### Your instructions:
Of the entries below, return only those lines from the line with "Keep it short and to the point. 0.35." to the line with "Make the answer very short. 2.52.", exactly, both included.

####

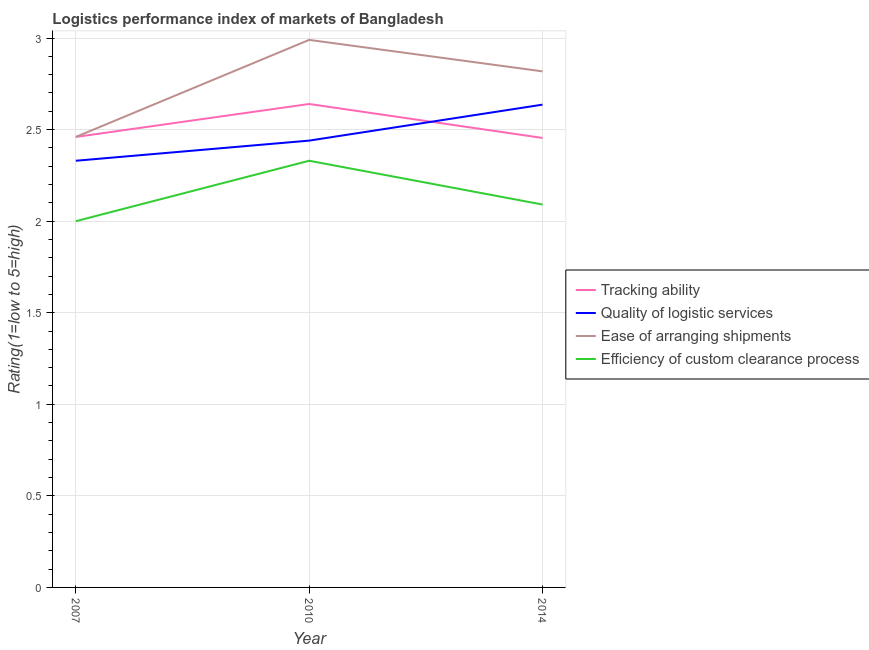How many different coloured lines are there?
Offer a very short reply. 4. Does the line corresponding to lpi rating of ease of arranging shipments intersect with the line corresponding to lpi rating of tracking ability?
Offer a terse response. Yes. Is the number of lines equal to the number of legend labels?
Make the answer very short. Yes. What is the lpi rating of tracking ability in 2014?
Your answer should be compact. 2.45. Across all years, what is the maximum lpi rating of efficiency of custom clearance process?
Your answer should be compact. 2.33. Across all years, what is the minimum lpi rating of ease of arranging shipments?
Your answer should be compact. 2.46. In which year was the lpi rating of tracking ability maximum?
Offer a terse response. 2010. In which year was the lpi rating of tracking ability minimum?
Provide a succinct answer. 2014. What is the total lpi rating of efficiency of custom clearance process in the graph?
Your response must be concise. 6.42. What is the difference between the lpi rating of quality of logistic services in 2007 and that in 2014?
Give a very brief answer. -0.31. What is the difference between the lpi rating of efficiency of custom clearance process in 2014 and the lpi rating of tracking ability in 2007?
Provide a succinct answer. -0.37. What is the average lpi rating of quality of logistic services per year?
Keep it short and to the point. 2.47. In the year 2007, what is the difference between the lpi rating of efficiency of custom clearance process and lpi rating of ease of arranging shipments?
Your response must be concise. -0.46. What is the ratio of the lpi rating of tracking ability in 2010 to that in 2014?
Your answer should be compact. 1.08. Is the lpi rating of quality of logistic services in 2007 less than that in 2014?
Offer a very short reply. Yes. What is the difference between the highest and the second highest lpi rating of quality of logistic services?
Provide a short and direct response. 0.2. What is the difference between the highest and the lowest lpi rating of quality of logistic services?
Offer a terse response. 0.31. In how many years, is the lpi rating of efficiency of custom clearance process greater than the average lpi rating of efficiency of custom clearance process taken over all years?
Your answer should be compact. 1. Is the sum of the lpi rating of quality of logistic services in 2007 and 2010 greater than the maximum lpi rating of efficiency of custom clearance process across all years?
Provide a succinct answer. Yes. Is it the case that in every year, the sum of the lpi rating of ease of arranging shipments and lpi rating of quality of logistic services is greater than the sum of lpi rating of tracking ability and lpi rating of efficiency of custom clearance process?
Your answer should be compact. Yes. Is it the case that in every year, the sum of the lpi rating of tracking ability and lpi rating of quality of logistic services is greater than the lpi rating of ease of arranging shipments?
Provide a succinct answer. Yes. Is the lpi rating of quality of logistic services strictly less than the lpi rating of efficiency of custom clearance process over the years?
Make the answer very short. No. How many lines are there?
Offer a very short reply. 4. What is the difference between two consecutive major ticks on the Y-axis?
Your response must be concise. 0.5. Are the values on the major ticks of Y-axis written in scientific E-notation?
Give a very brief answer. No. Does the graph contain any zero values?
Your response must be concise. No. Does the graph contain grids?
Offer a terse response. Yes. Where does the legend appear in the graph?
Your response must be concise. Center right. How many legend labels are there?
Keep it short and to the point. 4. How are the legend labels stacked?
Give a very brief answer. Vertical. What is the title of the graph?
Your answer should be compact. Logistics performance index of markets of Bangladesh. What is the label or title of the X-axis?
Give a very brief answer. Year. What is the label or title of the Y-axis?
Provide a succinct answer. Rating(1=low to 5=high). What is the Rating(1=low to 5=high) of Tracking ability in 2007?
Provide a succinct answer. 2.46. What is the Rating(1=low to 5=high) of Quality of logistic services in 2007?
Offer a terse response. 2.33. What is the Rating(1=low to 5=high) of Ease of arranging shipments in 2007?
Your response must be concise. 2.46. What is the Rating(1=low to 5=high) in Efficiency of custom clearance process in 2007?
Your answer should be very brief. 2. What is the Rating(1=low to 5=high) of Tracking ability in 2010?
Give a very brief answer. 2.64. What is the Rating(1=low to 5=high) in Quality of logistic services in 2010?
Give a very brief answer. 2.44. What is the Rating(1=low to 5=high) in Ease of arranging shipments in 2010?
Your answer should be very brief. 2.99. What is the Rating(1=low to 5=high) in Efficiency of custom clearance process in 2010?
Make the answer very short. 2.33. What is the Rating(1=low to 5=high) of Tracking ability in 2014?
Keep it short and to the point. 2.45. What is the Rating(1=low to 5=high) of Quality of logistic services in 2014?
Make the answer very short. 2.64. What is the Rating(1=low to 5=high) of Ease of arranging shipments in 2014?
Provide a short and direct response. 2.82. What is the Rating(1=low to 5=high) in Efficiency of custom clearance process in 2014?
Ensure brevity in your answer.  2.09. Across all years, what is the maximum Rating(1=low to 5=high) in Tracking ability?
Make the answer very short. 2.64. Across all years, what is the maximum Rating(1=low to 5=high) in Quality of logistic services?
Your answer should be compact. 2.64. Across all years, what is the maximum Rating(1=low to 5=high) of Ease of arranging shipments?
Make the answer very short. 2.99. Across all years, what is the maximum Rating(1=low to 5=high) of Efficiency of custom clearance process?
Your answer should be very brief. 2.33. Across all years, what is the minimum Rating(1=low to 5=high) in Tracking ability?
Your answer should be very brief. 2.45. Across all years, what is the minimum Rating(1=low to 5=high) in Quality of logistic services?
Your answer should be compact. 2.33. Across all years, what is the minimum Rating(1=low to 5=high) of Ease of arranging shipments?
Give a very brief answer. 2.46. What is the total Rating(1=low to 5=high) in Tracking ability in the graph?
Keep it short and to the point. 7.55. What is the total Rating(1=low to 5=high) in Quality of logistic services in the graph?
Provide a succinct answer. 7.41. What is the total Rating(1=low to 5=high) of Ease of arranging shipments in the graph?
Provide a succinct answer. 8.27. What is the total Rating(1=low to 5=high) in Efficiency of custom clearance process in the graph?
Give a very brief answer. 6.42. What is the difference between the Rating(1=low to 5=high) of Tracking ability in 2007 and that in 2010?
Your response must be concise. -0.18. What is the difference between the Rating(1=low to 5=high) of Quality of logistic services in 2007 and that in 2010?
Offer a terse response. -0.11. What is the difference between the Rating(1=low to 5=high) of Ease of arranging shipments in 2007 and that in 2010?
Your response must be concise. -0.53. What is the difference between the Rating(1=low to 5=high) in Efficiency of custom clearance process in 2007 and that in 2010?
Your answer should be very brief. -0.33. What is the difference between the Rating(1=low to 5=high) in Tracking ability in 2007 and that in 2014?
Give a very brief answer. 0.01. What is the difference between the Rating(1=low to 5=high) of Quality of logistic services in 2007 and that in 2014?
Keep it short and to the point. -0.31. What is the difference between the Rating(1=low to 5=high) in Ease of arranging shipments in 2007 and that in 2014?
Make the answer very short. -0.36. What is the difference between the Rating(1=low to 5=high) of Efficiency of custom clearance process in 2007 and that in 2014?
Ensure brevity in your answer.  -0.09. What is the difference between the Rating(1=low to 5=high) in Tracking ability in 2010 and that in 2014?
Keep it short and to the point. 0.19. What is the difference between the Rating(1=low to 5=high) of Quality of logistic services in 2010 and that in 2014?
Provide a short and direct response. -0.2. What is the difference between the Rating(1=low to 5=high) of Ease of arranging shipments in 2010 and that in 2014?
Make the answer very short. 0.17. What is the difference between the Rating(1=low to 5=high) of Efficiency of custom clearance process in 2010 and that in 2014?
Give a very brief answer. 0.24. What is the difference between the Rating(1=low to 5=high) in Tracking ability in 2007 and the Rating(1=low to 5=high) in Ease of arranging shipments in 2010?
Offer a very short reply. -0.53. What is the difference between the Rating(1=low to 5=high) of Tracking ability in 2007 and the Rating(1=low to 5=high) of Efficiency of custom clearance process in 2010?
Offer a terse response. 0.13. What is the difference between the Rating(1=low to 5=high) of Quality of logistic services in 2007 and the Rating(1=low to 5=high) of Ease of arranging shipments in 2010?
Ensure brevity in your answer.  -0.66. What is the difference between the Rating(1=low to 5=high) in Quality of logistic services in 2007 and the Rating(1=low to 5=high) in Efficiency of custom clearance process in 2010?
Give a very brief answer. 0. What is the difference between the Rating(1=low to 5=high) of Ease of arranging shipments in 2007 and the Rating(1=low to 5=high) of Efficiency of custom clearance process in 2010?
Keep it short and to the point. 0.13. What is the difference between the Rating(1=low to 5=high) in Tracking ability in 2007 and the Rating(1=low to 5=high) in Quality of logistic services in 2014?
Offer a very short reply. -0.18. What is the difference between the Rating(1=low to 5=high) of Tracking ability in 2007 and the Rating(1=low to 5=high) of Ease of arranging shipments in 2014?
Keep it short and to the point. -0.36. What is the difference between the Rating(1=low to 5=high) in Tracking ability in 2007 and the Rating(1=low to 5=high) in Efficiency of custom clearance process in 2014?
Your answer should be compact. 0.37. What is the difference between the Rating(1=low to 5=high) of Quality of logistic services in 2007 and the Rating(1=low to 5=high) of Ease of arranging shipments in 2014?
Your response must be concise. -0.49. What is the difference between the Rating(1=low to 5=high) of Quality of logistic services in 2007 and the Rating(1=low to 5=high) of Efficiency of custom clearance process in 2014?
Your response must be concise. 0.24. What is the difference between the Rating(1=low to 5=high) in Ease of arranging shipments in 2007 and the Rating(1=low to 5=high) in Efficiency of custom clearance process in 2014?
Offer a very short reply. 0.37. What is the difference between the Rating(1=low to 5=high) in Tracking ability in 2010 and the Rating(1=low to 5=high) in Quality of logistic services in 2014?
Keep it short and to the point. 0. What is the difference between the Rating(1=low to 5=high) of Tracking ability in 2010 and the Rating(1=low to 5=high) of Ease of arranging shipments in 2014?
Ensure brevity in your answer.  -0.18. What is the difference between the Rating(1=low to 5=high) in Tracking ability in 2010 and the Rating(1=low to 5=high) in Efficiency of custom clearance process in 2014?
Keep it short and to the point. 0.55. What is the difference between the Rating(1=low to 5=high) of Quality of logistic services in 2010 and the Rating(1=low to 5=high) of Ease of arranging shipments in 2014?
Ensure brevity in your answer.  -0.38. What is the difference between the Rating(1=low to 5=high) of Quality of logistic services in 2010 and the Rating(1=low to 5=high) of Efficiency of custom clearance process in 2014?
Keep it short and to the point. 0.35. What is the difference between the Rating(1=low to 5=high) in Ease of arranging shipments in 2010 and the Rating(1=low to 5=high) in Efficiency of custom clearance process in 2014?
Offer a very short reply. 0.9. What is the average Rating(1=low to 5=high) of Tracking ability per year?
Make the answer very short. 2.52. What is the average Rating(1=low to 5=high) in Quality of logistic services per year?
Your answer should be very brief. 2.47. What is the average Rating(1=low to 5=high) of Ease of arranging shipments per year?
Give a very brief answer. 2.76. What is the average Rating(1=low to 5=high) of Efficiency of custom clearance process per year?
Offer a terse response. 2.14. In the year 2007, what is the difference between the Rating(1=low to 5=high) in Tracking ability and Rating(1=low to 5=high) in Quality of logistic services?
Offer a very short reply. 0.13. In the year 2007, what is the difference between the Rating(1=low to 5=high) of Tracking ability and Rating(1=low to 5=high) of Efficiency of custom clearance process?
Give a very brief answer. 0.46. In the year 2007, what is the difference between the Rating(1=low to 5=high) in Quality of logistic services and Rating(1=low to 5=high) in Ease of arranging shipments?
Offer a very short reply. -0.13. In the year 2007, what is the difference between the Rating(1=low to 5=high) of Quality of logistic services and Rating(1=low to 5=high) of Efficiency of custom clearance process?
Make the answer very short. 0.33. In the year 2007, what is the difference between the Rating(1=low to 5=high) in Ease of arranging shipments and Rating(1=low to 5=high) in Efficiency of custom clearance process?
Offer a terse response. 0.46. In the year 2010, what is the difference between the Rating(1=low to 5=high) in Tracking ability and Rating(1=low to 5=high) in Ease of arranging shipments?
Your answer should be very brief. -0.35. In the year 2010, what is the difference between the Rating(1=low to 5=high) of Tracking ability and Rating(1=low to 5=high) of Efficiency of custom clearance process?
Provide a succinct answer. 0.31. In the year 2010, what is the difference between the Rating(1=low to 5=high) of Quality of logistic services and Rating(1=low to 5=high) of Ease of arranging shipments?
Provide a succinct answer. -0.55. In the year 2010, what is the difference between the Rating(1=low to 5=high) in Quality of logistic services and Rating(1=low to 5=high) in Efficiency of custom clearance process?
Provide a short and direct response. 0.11. In the year 2010, what is the difference between the Rating(1=low to 5=high) of Ease of arranging shipments and Rating(1=low to 5=high) of Efficiency of custom clearance process?
Give a very brief answer. 0.66. In the year 2014, what is the difference between the Rating(1=low to 5=high) in Tracking ability and Rating(1=low to 5=high) in Quality of logistic services?
Ensure brevity in your answer.  -0.18. In the year 2014, what is the difference between the Rating(1=low to 5=high) of Tracking ability and Rating(1=low to 5=high) of Ease of arranging shipments?
Your answer should be compact. -0.36. In the year 2014, what is the difference between the Rating(1=low to 5=high) of Tracking ability and Rating(1=low to 5=high) of Efficiency of custom clearance process?
Give a very brief answer. 0.36. In the year 2014, what is the difference between the Rating(1=low to 5=high) in Quality of logistic services and Rating(1=low to 5=high) in Ease of arranging shipments?
Your answer should be very brief. -0.18. In the year 2014, what is the difference between the Rating(1=low to 5=high) of Quality of logistic services and Rating(1=low to 5=high) of Efficiency of custom clearance process?
Keep it short and to the point. 0.55. In the year 2014, what is the difference between the Rating(1=low to 5=high) in Ease of arranging shipments and Rating(1=low to 5=high) in Efficiency of custom clearance process?
Give a very brief answer. 0.73. What is the ratio of the Rating(1=low to 5=high) in Tracking ability in 2007 to that in 2010?
Your answer should be very brief. 0.93. What is the ratio of the Rating(1=low to 5=high) in Quality of logistic services in 2007 to that in 2010?
Offer a very short reply. 0.95. What is the ratio of the Rating(1=low to 5=high) in Ease of arranging shipments in 2007 to that in 2010?
Your answer should be compact. 0.82. What is the ratio of the Rating(1=low to 5=high) in Efficiency of custom clearance process in 2007 to that in 2010?
Your answer should be compact. 0.86. What is the ratio of the Rating(1=low to 5=high) in Tracking ability in 2007 to that in 2014?
Provide a succinct answer. 1. What is the ratio of the Rating(1=low to 5=high) in Quality of logistic services in 2007 to that in 2014?
Your response must be concise. 0.88. What is the ratio of the Rating(1=low to 5=high) in Ease of arranging shipments in 2007 to that in 2014?
Provide a short and direct response. 0.87. What is the ratio of the Rating(1=low to 5=high) of Efficiency of custom clearance process in 2007 to that in 2014?
Offer a very short reply. 0.96. What is the ratio of the Rating(1=low to 5=high) in Tracking ability in 2010 to that in 2014?
Offer a very short reply. 1.08. What is the ratio of the Rating(1=low to 5=high) of Quality of logistic services in 2010 to that in 2014?
Ensure brevity in your answer.  0.93. What is the ratio of the Rating(1=low to 5=high) in Ease of arranging shipments in 2010 to that in 2014?
Provide a short and direct response. 1.06. What is the ratio of the Rating(1=low to 5=high) in Efficiency of custom clearance process in 2010 to that in 2014?
Give a very brief answer. 1.11. What is the difference between the highest and the second highest Rating(1=low to 5=high) in Tracking ability?
Your answer should be compact. 0.18. What is the difference between the highest and the second highest Rating(1=low to 5=high) in Quality of logistic services?
Provide a succinct answer. 0.2. What is the difference between the highest and the second highest Rating(1=low to 5=high) in Ease of arranging shipments?
Make the answer very short. 0.17. What is the difference between the highest and the second highest Rating(1=low to 5=high) of Efficiency of custom clearance process?
Ensure brevity in your answer.  0.24. What is the difference between the highest and the lowest Rating(1=low to 5=high) in Tracking ability?
Offer a terse response. 0.19. What is the difference between the highest and the lowest Rating(1=low to 5=high) in Quality of logistic services?
Your response must be concise. 0.31. What is the difference between the highest and the lowest Rating(1=low to 5=high) in Ease of arranging shipments?
Your response must be concise. 0.53. What is the difference between the highest and the lowest Rating(1=low to 5=high) in Efficiency of custom clearance process?
Keep it short and to the point. 0.33.

####

### Solution to the exercise:
Keep it short and to the point. 0.35. What is the difference between the Rating(1=low to 5=high) in Ease of arranging shipments in 2010 and the Rating(1=low to 5=high) in Efficiency of custom clearance process in 2014?
Offer a very short reply. 0.9. What is the average Rating(1=low to 5=high) of Tracking ability per year?
Make the answer very short. 2.52. What is the average Rating(1=low to 5=high) in Quality of logistic services per year?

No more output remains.